Another reason, according to K Jayakumar, a farmer in Tirunelveli, is the availability of the white rice at a cheaper rate compared to the red ones. “There are many popular brands selling white rice at a cheaper rate compared to the red ones. The native native varieties of rice are quite expensive. We all know they are good for our health but the laymen will always look for cheaper options available,” said Jayakumar.

“The farmers should try to develop their own clients, say a gated community near their place,” says MJ Prabu, agriculture journalist-turned-farmer

Agriculture journalist-turned-farmer M J Prabu said no government has been able to address or solve marketing issues so far. “The farmers should try to develop their own clients, say a gated community near their place. They can go, meet the people there and introduce themselves. People are ready and open to accept and buy good organic produce and also know their growers. So know your farmers and know your buyers. If these two are addressed, then the marketing problem is solved,” he said.

Prabhu said it’s time the farmers took responsibility among themselves to address this and solve it for their own good. “There is no point in asking a scientist from a state university to help us in marketing. They are technologists but they won’t be able to find a solution to this issue. The tiny departmental stores near your house are the best example.
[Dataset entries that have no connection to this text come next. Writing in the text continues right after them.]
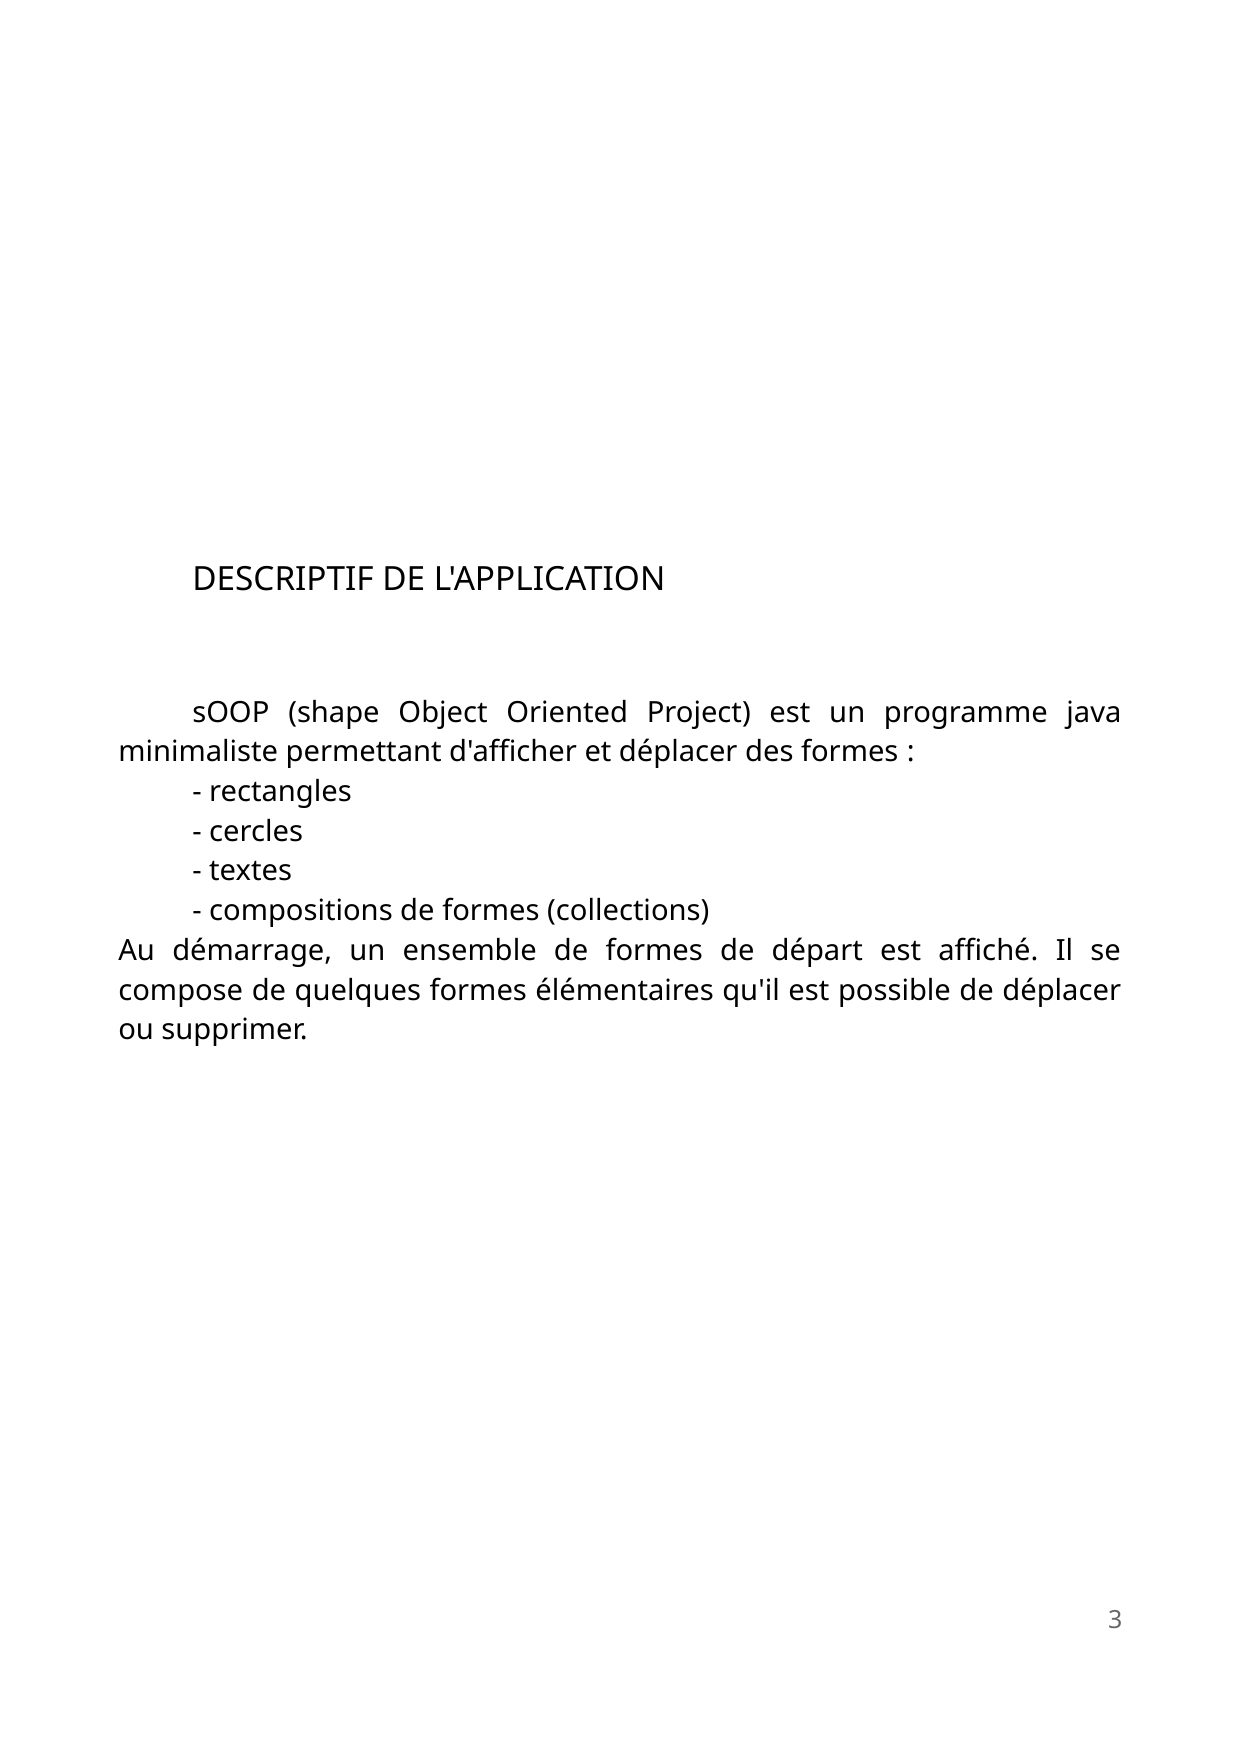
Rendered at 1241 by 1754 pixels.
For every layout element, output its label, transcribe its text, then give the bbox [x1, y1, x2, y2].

text DESCRIPTIF DE L'APPLICATION [118, 555, 1122, 600]
text Au démarrage, un ensemble de formes de départ est affiché. Il se compose de quelques formes élémentaires qu'il est possible de déplacer ou supprimer. [118, 929, 1122, 1048]
text - compositions de formes (collections) [118, 889, 1122, 929]
text sOOP (shape Object Oriented Project) est un programme java minimaliste permettant d'afficher et déplacer des formes : [118, 691, 1122, 770]
text - textes [118, 850, 1122, 889]
text - cercles [118, 810, 1122, 850]
text - rectangles [118, 770, 1122, 810]

There will be two or three in a street. Have you ever seen them closing down due to loss?,” asked Prabu.

Till 2019, Prabu said, he tried a pilot business model with the help of some organisations through which at least 502 farmers were able to sell their produce. “What’s the use of growing if you can’t sell it for a good price? So we need to form similar business models to sell the product. Creating awareness among people about the benefits of native paddy seeds is just one side of the coin, we need to find a good business model ourselves to sell our produce,” he said.
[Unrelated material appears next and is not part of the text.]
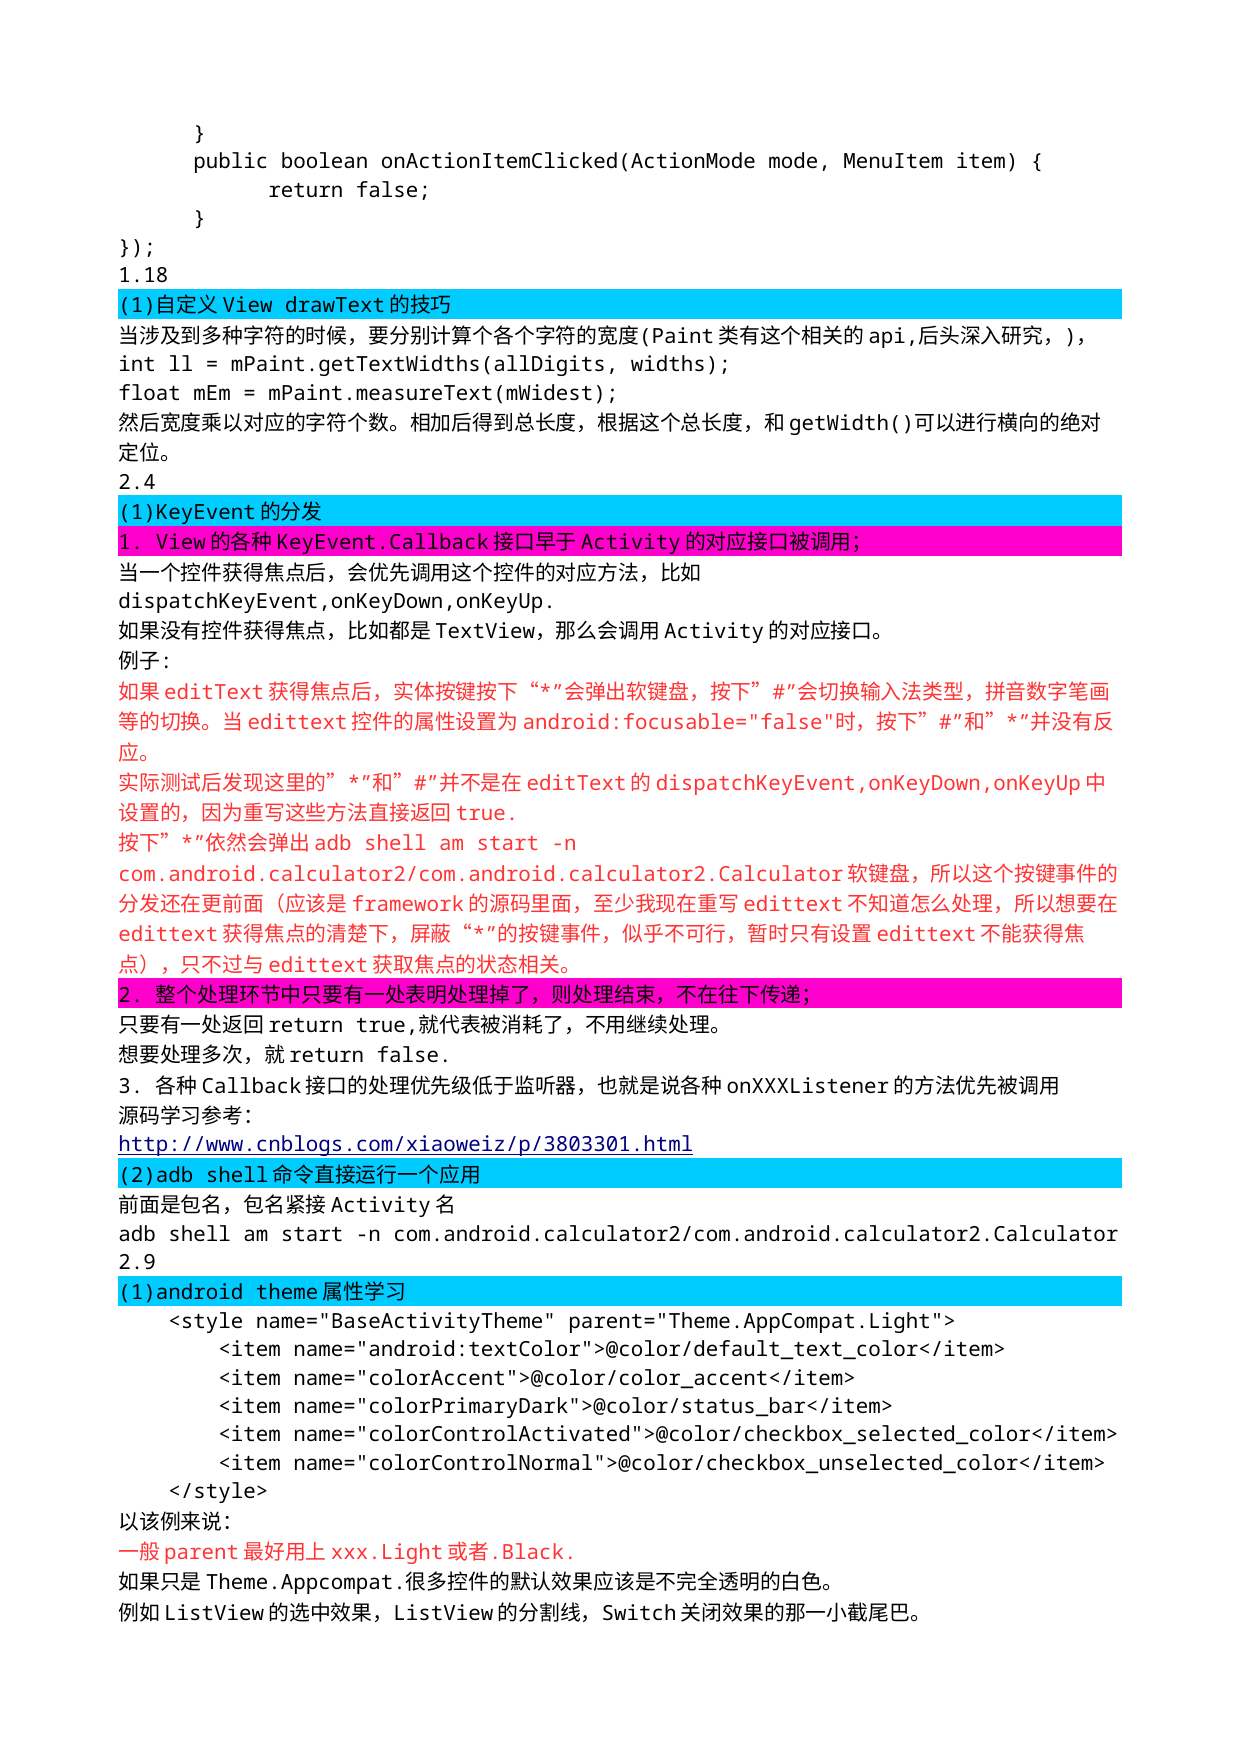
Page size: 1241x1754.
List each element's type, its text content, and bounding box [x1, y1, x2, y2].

Seed festivals attract a huge crowd but do they bring in any practical solution to farmers on how to sell the native rice that they cultivated? S Rajiv, nephew of Nel Jayaraman, who has been conducting the annual paddy seed festival since his uncle’s death, said the upcoming paddy festival will find solutions to the marketing issues among farmers.
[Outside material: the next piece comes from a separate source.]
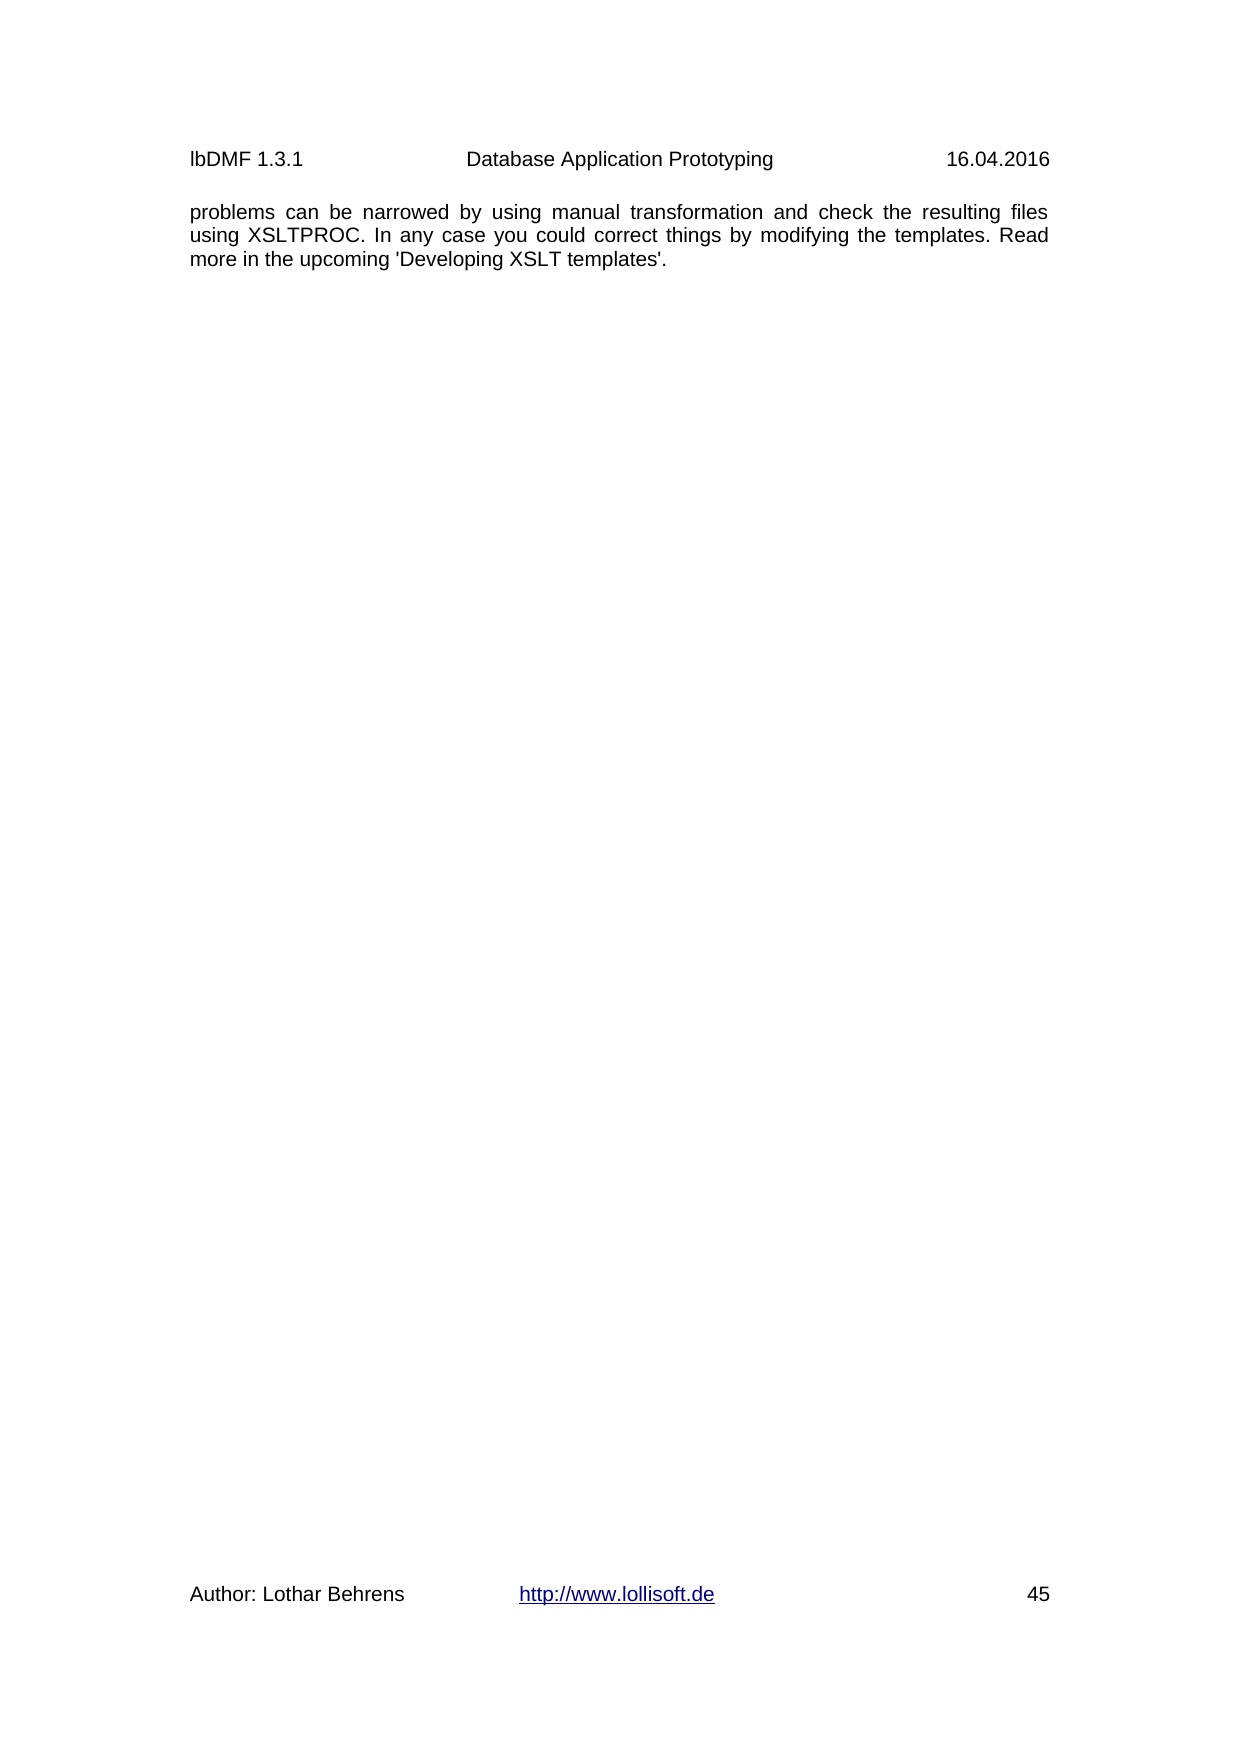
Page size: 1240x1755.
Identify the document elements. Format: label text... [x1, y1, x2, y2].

At least 174 varieties of traditional paddy seeds will be exhibited at the annual National Paddy Festival 2022, to be held from May 21 to 22 at Thiruthuraipoondi in Tiruvarur district. “We know marketing is a big issue. We have organised interactive sections for farmers where they can explore the possibilities of exporting their produce. This is the first time such a session is going to be organised,” said Rajiv, state coordinator of the National Paddy Festival-2022. A two-kg pack of native rice varieties will be distributed (free) to 15000 farmers as part of the event, which will also witness display of various agricultural equipment and products made by traditional materials. To promote traditional farming, awards in the name of Nammalvar and Nel Jayaramam will be distributed to the farmers. The National Paddy Festival is organised by the Nel Jayaraman Traditional Rice Saviour Centre, Adhirangam.

Rajiv said this is the first time in the history of the annual paddy festival that native paddy seeds are being distributed freely to 15,000 farmers. “We are not just distributing the seeds randomly. We have experts from the National Institute of Food Technology, Entrepreneurship and Management, Thanjavur and the Agricultural and Processed Food Products Export Development Authority (APEDA), Chennai to talk to farmers on how to sell and export their products themselves,” he said.